▸ **Prompt**:
Copy every line of the data in which the word "pitch" occurs.

(Beginning of Material for the task)

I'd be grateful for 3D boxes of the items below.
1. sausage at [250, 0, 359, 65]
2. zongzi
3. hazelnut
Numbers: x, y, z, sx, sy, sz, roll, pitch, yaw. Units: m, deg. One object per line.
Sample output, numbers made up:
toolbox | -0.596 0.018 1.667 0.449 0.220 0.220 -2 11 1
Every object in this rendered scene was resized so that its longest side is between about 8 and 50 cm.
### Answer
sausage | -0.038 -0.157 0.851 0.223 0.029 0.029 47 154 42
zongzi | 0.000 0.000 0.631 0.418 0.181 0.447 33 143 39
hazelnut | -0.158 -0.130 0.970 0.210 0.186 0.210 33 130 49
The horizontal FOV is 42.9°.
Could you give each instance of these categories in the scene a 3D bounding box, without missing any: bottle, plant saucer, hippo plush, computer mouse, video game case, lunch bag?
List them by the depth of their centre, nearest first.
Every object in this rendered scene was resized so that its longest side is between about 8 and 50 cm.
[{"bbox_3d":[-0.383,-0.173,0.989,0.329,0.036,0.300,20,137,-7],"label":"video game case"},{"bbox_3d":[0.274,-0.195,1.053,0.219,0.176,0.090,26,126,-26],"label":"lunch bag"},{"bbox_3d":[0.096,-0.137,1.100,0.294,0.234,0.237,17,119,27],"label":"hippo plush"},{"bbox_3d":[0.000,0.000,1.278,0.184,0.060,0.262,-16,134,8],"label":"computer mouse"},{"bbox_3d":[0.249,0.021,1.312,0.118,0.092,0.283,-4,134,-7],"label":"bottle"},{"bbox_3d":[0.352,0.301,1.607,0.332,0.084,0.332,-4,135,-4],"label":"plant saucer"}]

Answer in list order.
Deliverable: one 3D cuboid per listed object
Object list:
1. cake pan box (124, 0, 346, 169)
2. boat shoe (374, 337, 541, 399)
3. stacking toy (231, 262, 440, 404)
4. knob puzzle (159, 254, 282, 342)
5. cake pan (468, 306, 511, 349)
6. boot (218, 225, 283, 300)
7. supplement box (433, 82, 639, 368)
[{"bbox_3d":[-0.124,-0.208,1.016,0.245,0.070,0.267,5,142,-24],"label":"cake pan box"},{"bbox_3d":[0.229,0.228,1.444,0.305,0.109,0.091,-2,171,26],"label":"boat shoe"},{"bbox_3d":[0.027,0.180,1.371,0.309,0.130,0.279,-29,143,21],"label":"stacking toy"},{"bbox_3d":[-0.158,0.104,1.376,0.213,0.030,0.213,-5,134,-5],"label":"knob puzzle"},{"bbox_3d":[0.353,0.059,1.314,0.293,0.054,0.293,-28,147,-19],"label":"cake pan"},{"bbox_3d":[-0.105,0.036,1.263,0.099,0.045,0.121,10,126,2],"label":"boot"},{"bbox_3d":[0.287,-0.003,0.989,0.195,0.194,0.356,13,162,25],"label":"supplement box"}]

(End of Material for the task)
(Beginning of Material for the task)

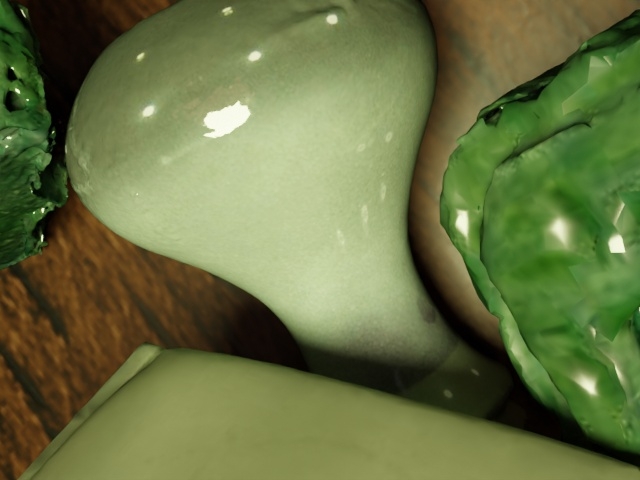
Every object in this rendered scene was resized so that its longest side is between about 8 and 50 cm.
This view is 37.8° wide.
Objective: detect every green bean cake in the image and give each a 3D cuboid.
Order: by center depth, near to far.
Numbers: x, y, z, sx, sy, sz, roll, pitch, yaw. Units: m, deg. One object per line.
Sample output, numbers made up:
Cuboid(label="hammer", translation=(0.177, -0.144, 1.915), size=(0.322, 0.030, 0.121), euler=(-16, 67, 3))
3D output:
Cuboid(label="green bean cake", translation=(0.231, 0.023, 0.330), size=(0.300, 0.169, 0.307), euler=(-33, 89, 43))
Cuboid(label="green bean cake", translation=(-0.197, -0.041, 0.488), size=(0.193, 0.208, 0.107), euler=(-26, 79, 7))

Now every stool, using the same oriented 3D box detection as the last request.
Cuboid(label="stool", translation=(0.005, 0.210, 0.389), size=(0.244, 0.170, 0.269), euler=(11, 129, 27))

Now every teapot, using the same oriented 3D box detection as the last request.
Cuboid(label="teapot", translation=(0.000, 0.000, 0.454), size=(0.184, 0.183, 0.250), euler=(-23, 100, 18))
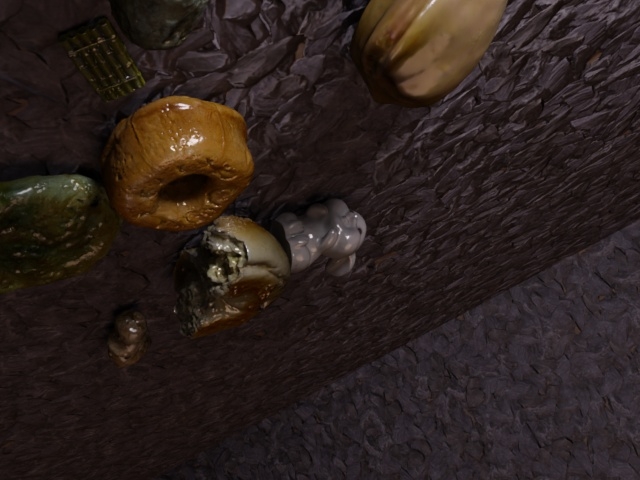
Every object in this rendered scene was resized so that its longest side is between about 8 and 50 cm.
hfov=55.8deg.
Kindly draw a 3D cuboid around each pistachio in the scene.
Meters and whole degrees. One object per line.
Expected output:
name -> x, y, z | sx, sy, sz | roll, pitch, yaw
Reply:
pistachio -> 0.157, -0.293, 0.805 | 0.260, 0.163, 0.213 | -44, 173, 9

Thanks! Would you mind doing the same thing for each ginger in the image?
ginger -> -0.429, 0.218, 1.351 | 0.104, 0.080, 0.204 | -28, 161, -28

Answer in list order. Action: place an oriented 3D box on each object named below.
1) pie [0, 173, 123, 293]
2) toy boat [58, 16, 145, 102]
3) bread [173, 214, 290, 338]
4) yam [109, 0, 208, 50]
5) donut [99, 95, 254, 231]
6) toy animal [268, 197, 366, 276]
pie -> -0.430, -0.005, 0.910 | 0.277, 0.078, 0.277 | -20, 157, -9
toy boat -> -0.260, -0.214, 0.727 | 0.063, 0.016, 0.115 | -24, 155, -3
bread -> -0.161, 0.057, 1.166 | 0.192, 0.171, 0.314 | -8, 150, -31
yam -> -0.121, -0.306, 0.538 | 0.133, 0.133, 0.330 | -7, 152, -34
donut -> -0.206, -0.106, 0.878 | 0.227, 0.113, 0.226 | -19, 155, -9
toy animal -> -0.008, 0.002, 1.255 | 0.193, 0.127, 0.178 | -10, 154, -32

(End of Material for the task)
(Beginning of Material for the task)

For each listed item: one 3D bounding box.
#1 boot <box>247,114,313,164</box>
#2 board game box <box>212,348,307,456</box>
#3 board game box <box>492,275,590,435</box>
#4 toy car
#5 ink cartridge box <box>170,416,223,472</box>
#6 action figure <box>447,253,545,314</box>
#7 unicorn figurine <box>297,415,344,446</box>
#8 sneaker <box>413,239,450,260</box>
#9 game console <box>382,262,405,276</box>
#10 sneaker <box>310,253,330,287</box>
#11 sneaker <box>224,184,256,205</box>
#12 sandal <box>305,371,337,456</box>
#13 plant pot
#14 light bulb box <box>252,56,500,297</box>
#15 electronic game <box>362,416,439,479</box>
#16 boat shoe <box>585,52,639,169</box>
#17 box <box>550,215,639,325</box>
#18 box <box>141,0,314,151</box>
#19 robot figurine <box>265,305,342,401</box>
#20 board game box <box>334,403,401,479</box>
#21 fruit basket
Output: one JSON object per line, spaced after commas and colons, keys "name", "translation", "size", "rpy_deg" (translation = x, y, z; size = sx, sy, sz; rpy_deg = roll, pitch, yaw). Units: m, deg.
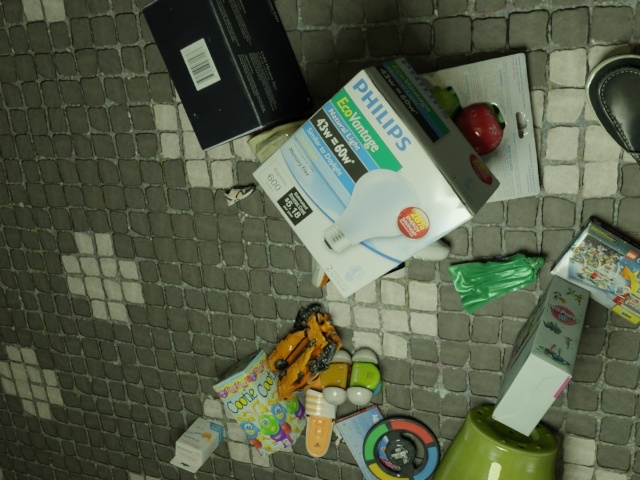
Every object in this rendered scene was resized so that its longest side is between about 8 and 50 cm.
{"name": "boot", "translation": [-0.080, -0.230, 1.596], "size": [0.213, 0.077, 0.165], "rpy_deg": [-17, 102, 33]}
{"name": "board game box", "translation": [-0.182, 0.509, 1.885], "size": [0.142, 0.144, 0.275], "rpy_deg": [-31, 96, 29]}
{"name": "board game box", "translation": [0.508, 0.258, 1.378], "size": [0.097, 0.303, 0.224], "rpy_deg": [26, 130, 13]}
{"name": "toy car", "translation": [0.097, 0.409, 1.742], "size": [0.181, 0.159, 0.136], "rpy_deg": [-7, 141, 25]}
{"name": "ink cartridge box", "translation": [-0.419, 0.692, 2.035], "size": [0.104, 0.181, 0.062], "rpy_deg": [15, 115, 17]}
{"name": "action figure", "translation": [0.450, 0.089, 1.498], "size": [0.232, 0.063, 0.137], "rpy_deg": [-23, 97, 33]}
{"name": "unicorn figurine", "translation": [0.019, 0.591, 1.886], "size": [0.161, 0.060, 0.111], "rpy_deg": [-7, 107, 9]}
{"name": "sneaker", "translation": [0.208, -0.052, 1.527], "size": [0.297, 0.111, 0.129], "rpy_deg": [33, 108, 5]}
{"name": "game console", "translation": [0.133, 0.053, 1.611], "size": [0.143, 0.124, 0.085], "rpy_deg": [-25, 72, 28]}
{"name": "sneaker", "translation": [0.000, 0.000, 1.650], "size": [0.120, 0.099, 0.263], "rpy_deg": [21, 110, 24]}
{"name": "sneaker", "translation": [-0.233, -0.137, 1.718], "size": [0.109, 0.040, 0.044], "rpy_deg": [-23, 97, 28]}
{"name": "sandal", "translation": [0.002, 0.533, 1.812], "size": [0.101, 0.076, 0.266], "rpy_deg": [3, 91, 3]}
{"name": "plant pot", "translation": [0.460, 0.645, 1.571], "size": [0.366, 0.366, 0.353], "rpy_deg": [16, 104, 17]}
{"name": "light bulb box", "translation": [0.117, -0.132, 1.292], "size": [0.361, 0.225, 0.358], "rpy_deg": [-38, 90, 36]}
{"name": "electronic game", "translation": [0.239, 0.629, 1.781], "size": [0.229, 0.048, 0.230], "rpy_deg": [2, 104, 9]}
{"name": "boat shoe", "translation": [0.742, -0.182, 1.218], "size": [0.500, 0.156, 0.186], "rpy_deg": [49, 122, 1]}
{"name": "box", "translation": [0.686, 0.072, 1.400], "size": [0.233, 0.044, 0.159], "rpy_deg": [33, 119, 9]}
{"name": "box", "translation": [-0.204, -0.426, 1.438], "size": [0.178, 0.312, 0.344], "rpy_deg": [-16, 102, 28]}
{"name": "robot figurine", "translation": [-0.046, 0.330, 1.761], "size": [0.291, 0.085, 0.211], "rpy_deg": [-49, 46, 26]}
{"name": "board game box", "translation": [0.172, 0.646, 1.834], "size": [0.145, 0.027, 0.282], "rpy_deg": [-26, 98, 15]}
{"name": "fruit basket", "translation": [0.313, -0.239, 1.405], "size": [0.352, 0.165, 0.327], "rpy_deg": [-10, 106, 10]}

(End of Material for the task)

▸ **Exercise solution**:
Numbers: x, y, z, sx, sy, sz, roll, pitch, yaw. Units: m, deg. One object per line.
Numbers: x, y, z, sx, sy, sz, roll, pitch, yaw. Units: m, deg. One object per line.
name -> x, y, z | sx, sy, sz | roll, pitch, yaw
Output: one JSON object per line, spaced after commas and colons, keys "name", "translation", "size", "rpy_deg" (translation = x, y, z; size = sx, sy, sz; rpy_deg = roll, pitch, yaw). Units: m, deg.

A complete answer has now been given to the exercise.